We can't see the values of an entire matrix, but by looking at its shape, we decide if we going in the right direction or not. By using ".shape" we can see shape of a matrix and it will also helpful in debugging.

In [18]:
print(x_data_train.shape, x_data_test.shape, y_data_train.shape, y_data_test.shape)

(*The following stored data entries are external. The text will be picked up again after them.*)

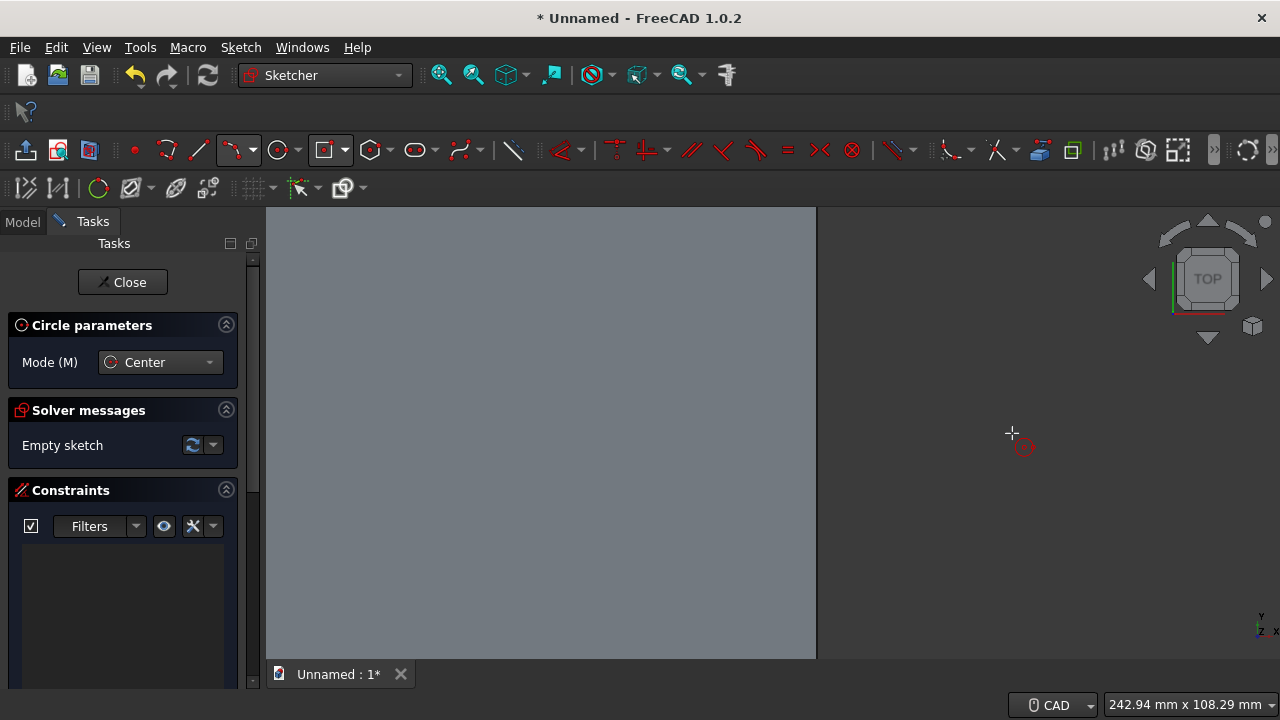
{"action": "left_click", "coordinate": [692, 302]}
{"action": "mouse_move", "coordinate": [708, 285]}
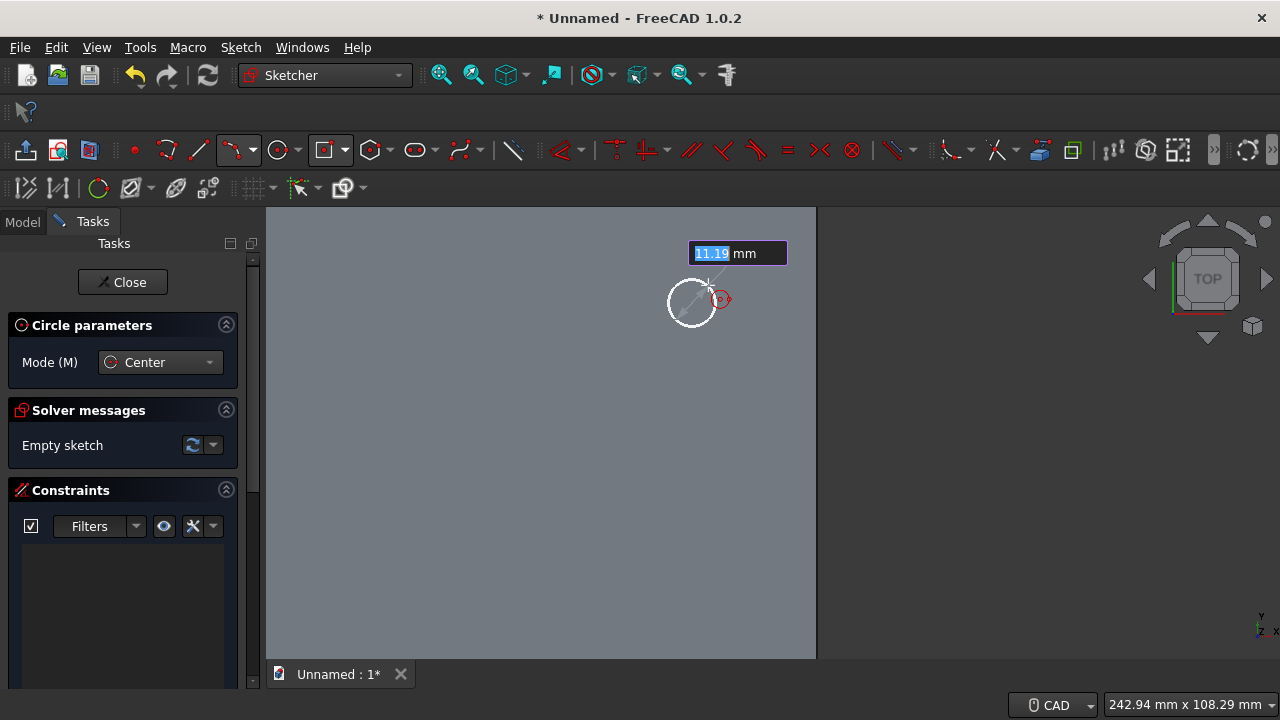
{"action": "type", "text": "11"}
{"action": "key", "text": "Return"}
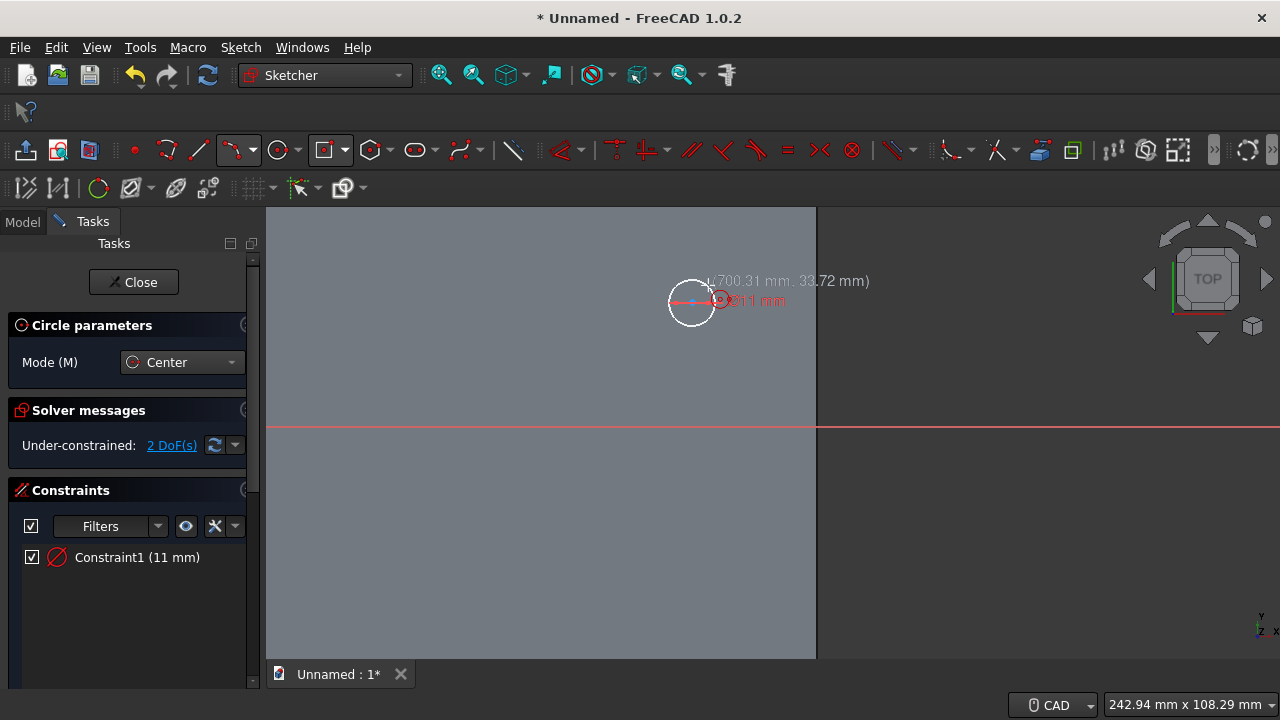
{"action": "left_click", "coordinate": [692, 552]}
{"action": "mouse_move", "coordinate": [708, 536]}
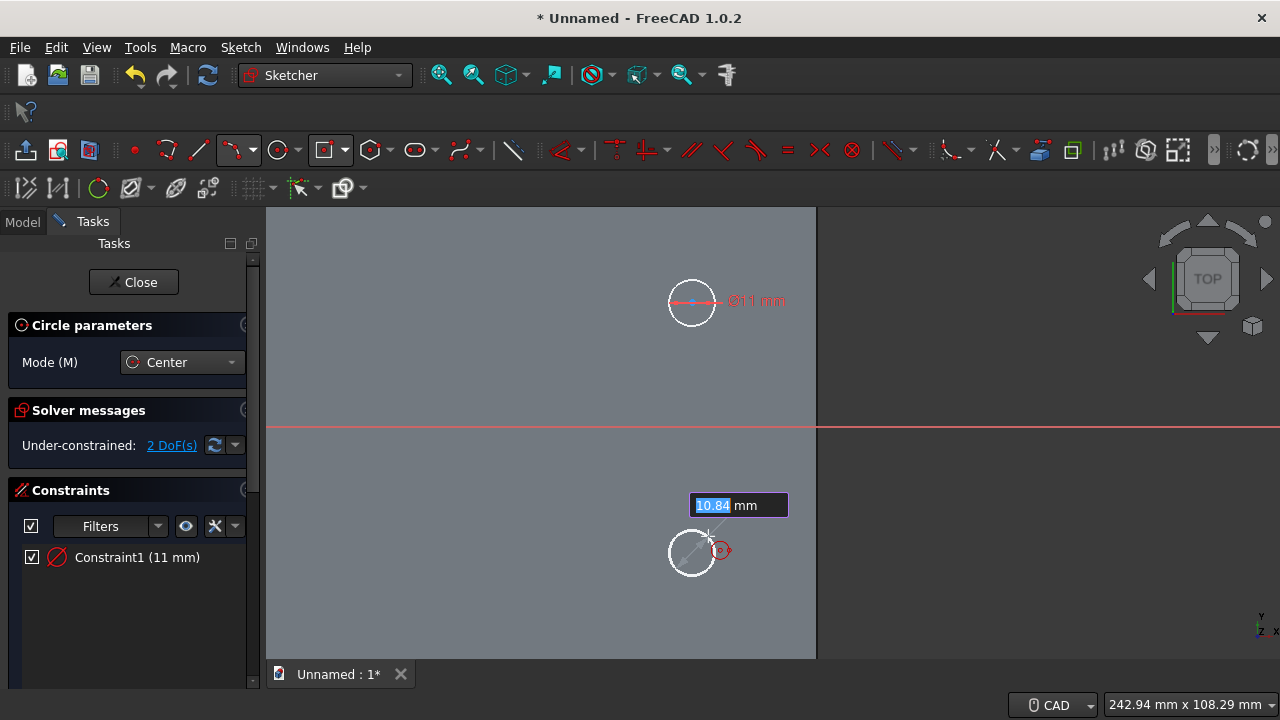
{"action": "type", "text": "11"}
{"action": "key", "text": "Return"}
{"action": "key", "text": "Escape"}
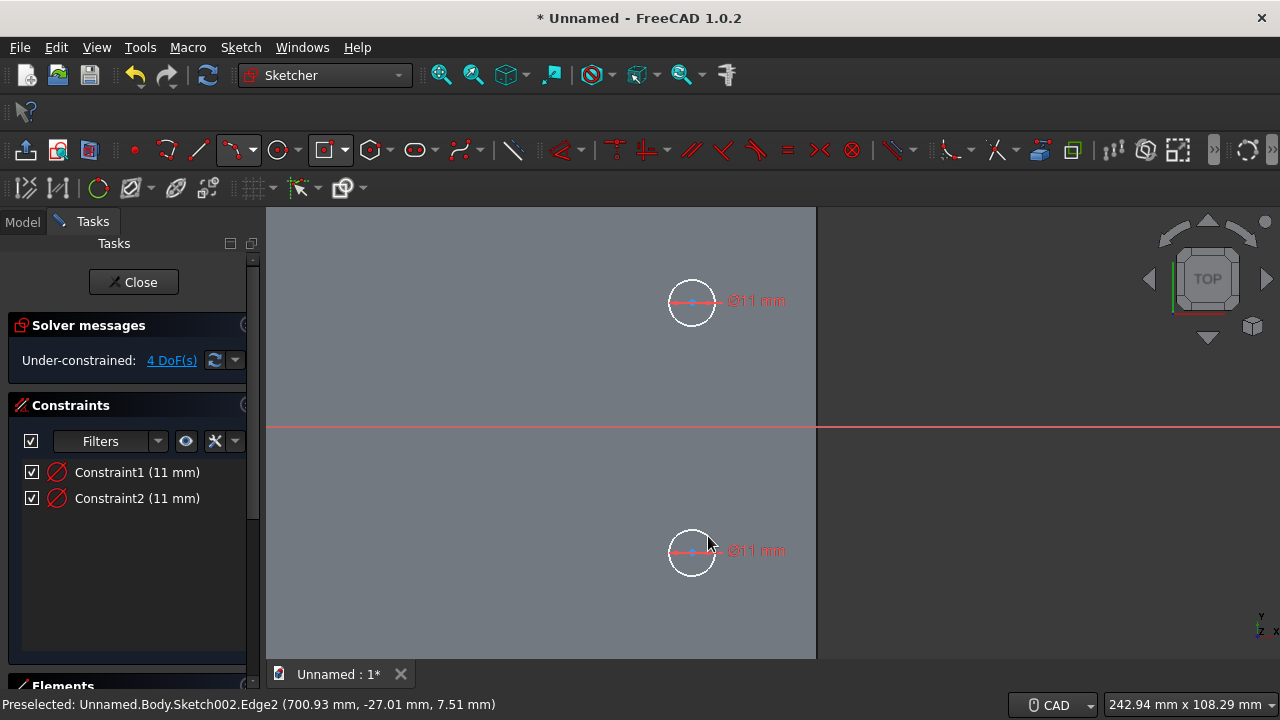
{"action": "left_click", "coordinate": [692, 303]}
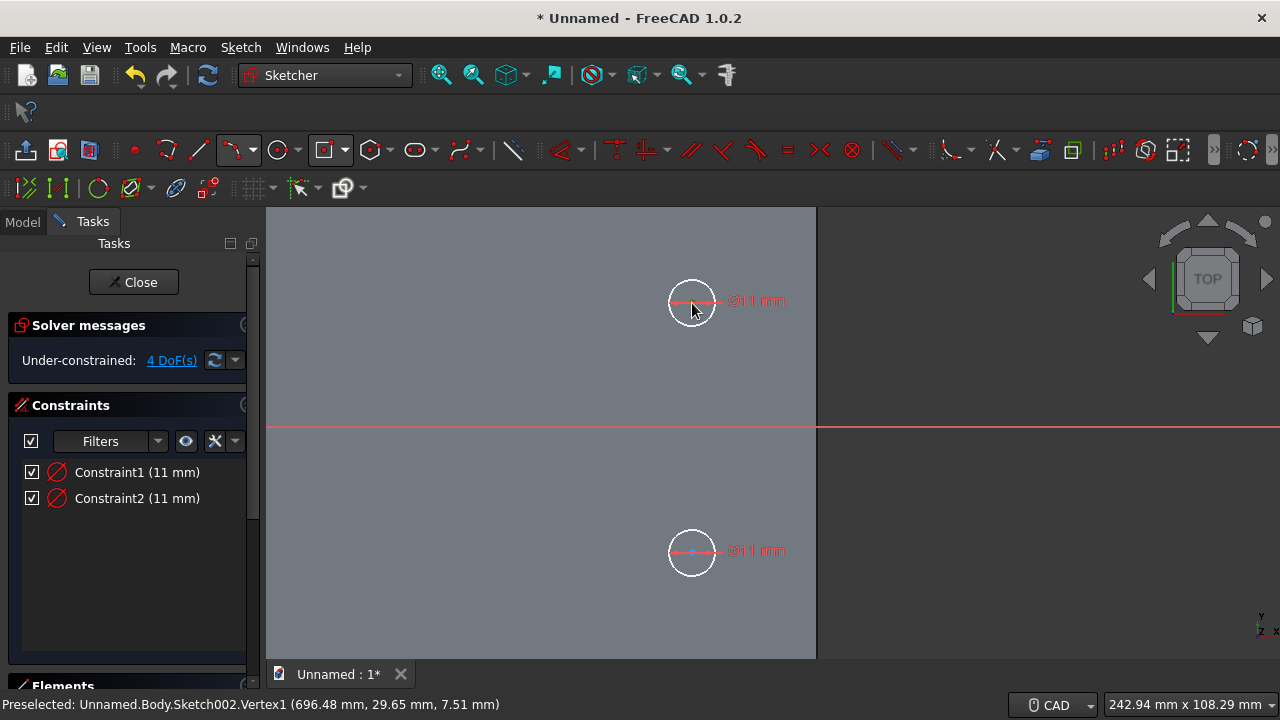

(38, 68) (13, 68) (38, 1) (13, 1)


## Step 6: Train the Model using SVM

In [19]:
#Using sklearn linear regression model
model = sklearn.svm.SVC(kernel='linear')
model.fit(x_data_train, y_data_train)

  y = column_or_1d(y, warn=True)


SVC(C=1.0, cache_size=200, class_weight=None, coef0=0.0,
  decision_function_shape='ovr', degree=3, gamma='auto', kernel='linear',
  max_iter=-1, probability=False, random_state=None, shrinking=True,
  tol=0.001, verbose=False)

In [20]:
#using the test data to test the model
y_data_pred = model.predict(x_data_test)
y_data_pred = y_data_pred.reshape(len(y_data_pred),1)
type(y_data_pred), y_data_pred.shape

(numpy.ndarray, (13, 1))

In [21]:
#saving the y_pred_test_comparison in the csv file
y_pred_test_comparison = np.append(y_data_test, y_data_pred, axis=1)
np.savetxt("03_y_pred_test_comparison.csv", y_pred_test_comparison, delimiter=",")

In [22]:
diffs = y_data_test - y_data_pred
print(diffs)

[[ 0]
 [ 0]
 [ 0]
 [-1]
 [ 0]
 [ 0]
 [ 0]
 [ 0]
 [ 0]
 [ 0]
 [ 0]
 [ 0]
 [ 0]]


In [23]:
#SVM model score computed by the sklearn library
print("SVC:", model.score(x_data_test, y_data_test))

SVC: 0.9230769230769231


## Step 7: Save the model in a pickle file

As logistic_model_cv gave us the highest accuracy we'll go with it and save it to pickle file.
We save our model to pickle files so that when we want to perform predictions on unseen data, we don't have to train our model again. Any object in python can be pickled so that it can be saved on disk. What pickle does is that it “serializes” the object first before writing it to file. Pickling is a way to convert a python object (list, dict, etc.) into a character stream. 

In [25]:
with open('../Model Testing/ml-chatbot-backend/model.pkl','wb') as f:
        pickle.dump(cleaning, f)
        pickle.dump(preprocessing, f)
        pickle.dump(vectorizer,f)
        pickle.dump(model, f)


## Summary

The project has been created to help people understand the complete process of machine learning / data science modeling. These steps ensure that you won't miss out any information in the data set and would also help another person understand your work.